* [EXERCISE]
Repeat the lines of the listing below exactly, starting at the line that contains "text - de DCMR" and running through the last line, both included, and only those.

* [DATA EXTRACTS]
☆ ☆ ☆ ☆
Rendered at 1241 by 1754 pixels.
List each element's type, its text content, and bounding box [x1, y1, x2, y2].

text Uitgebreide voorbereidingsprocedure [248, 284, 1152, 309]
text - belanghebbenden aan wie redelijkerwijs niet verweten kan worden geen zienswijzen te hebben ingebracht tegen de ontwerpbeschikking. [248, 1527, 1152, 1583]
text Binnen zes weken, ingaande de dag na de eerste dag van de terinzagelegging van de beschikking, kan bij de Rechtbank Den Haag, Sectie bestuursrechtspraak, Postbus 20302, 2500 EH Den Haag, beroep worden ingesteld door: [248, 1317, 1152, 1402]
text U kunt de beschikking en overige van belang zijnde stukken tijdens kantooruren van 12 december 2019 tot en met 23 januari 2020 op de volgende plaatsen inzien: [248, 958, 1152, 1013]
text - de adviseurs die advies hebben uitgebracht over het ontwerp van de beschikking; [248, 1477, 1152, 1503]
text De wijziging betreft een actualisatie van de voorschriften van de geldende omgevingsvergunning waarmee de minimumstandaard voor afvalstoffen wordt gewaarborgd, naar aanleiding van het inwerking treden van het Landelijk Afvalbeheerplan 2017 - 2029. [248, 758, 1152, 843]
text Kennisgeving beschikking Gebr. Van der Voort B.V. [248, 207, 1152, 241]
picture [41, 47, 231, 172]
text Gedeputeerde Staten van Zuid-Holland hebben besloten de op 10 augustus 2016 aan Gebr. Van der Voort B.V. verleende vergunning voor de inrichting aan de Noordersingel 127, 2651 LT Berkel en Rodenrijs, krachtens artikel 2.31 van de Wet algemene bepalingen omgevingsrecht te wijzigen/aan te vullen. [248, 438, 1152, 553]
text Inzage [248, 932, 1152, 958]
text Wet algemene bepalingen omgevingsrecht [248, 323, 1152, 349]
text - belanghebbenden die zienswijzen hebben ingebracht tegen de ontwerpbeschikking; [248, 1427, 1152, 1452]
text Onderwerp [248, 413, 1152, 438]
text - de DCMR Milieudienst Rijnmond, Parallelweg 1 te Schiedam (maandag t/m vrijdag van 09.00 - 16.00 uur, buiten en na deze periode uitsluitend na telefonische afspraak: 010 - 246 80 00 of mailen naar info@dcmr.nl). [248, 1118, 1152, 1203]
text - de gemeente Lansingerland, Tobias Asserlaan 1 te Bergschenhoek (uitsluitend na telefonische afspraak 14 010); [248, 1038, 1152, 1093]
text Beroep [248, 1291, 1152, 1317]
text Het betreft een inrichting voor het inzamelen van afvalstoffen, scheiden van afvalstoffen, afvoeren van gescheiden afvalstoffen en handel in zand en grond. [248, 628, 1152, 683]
☆ ☆ ☆ ☆
* [TASK RESPONSE]
text - de DCMR Milieudienst Rijnmond, Parallelweg 1 te Schiedam (maandag t/m vrijdag van 09.00 - 16.00 uur, buiten en na deze periode uitsluitend na telefonische afspraak: 010 - 246 80 00 of mailen naar info@dcmr.nl). [248, 1118, 1152, 1203]
text - de gemeente Lansingerland, Tobias Asserlaan 1 te Bergschenhoek (uitsluitend na telefonische afspraak 14 010); [248, 1038, 1152, 1093]
text Beroep [248, 1291, 1152, 1317]
text Het betreft een inrichting voor het inzamelen van afvalstoffen, scheiden van afvalstoffen, afvoeren van gescheiden afvalstoffen en handel in zand en grond. [248, 628, 1152, 683]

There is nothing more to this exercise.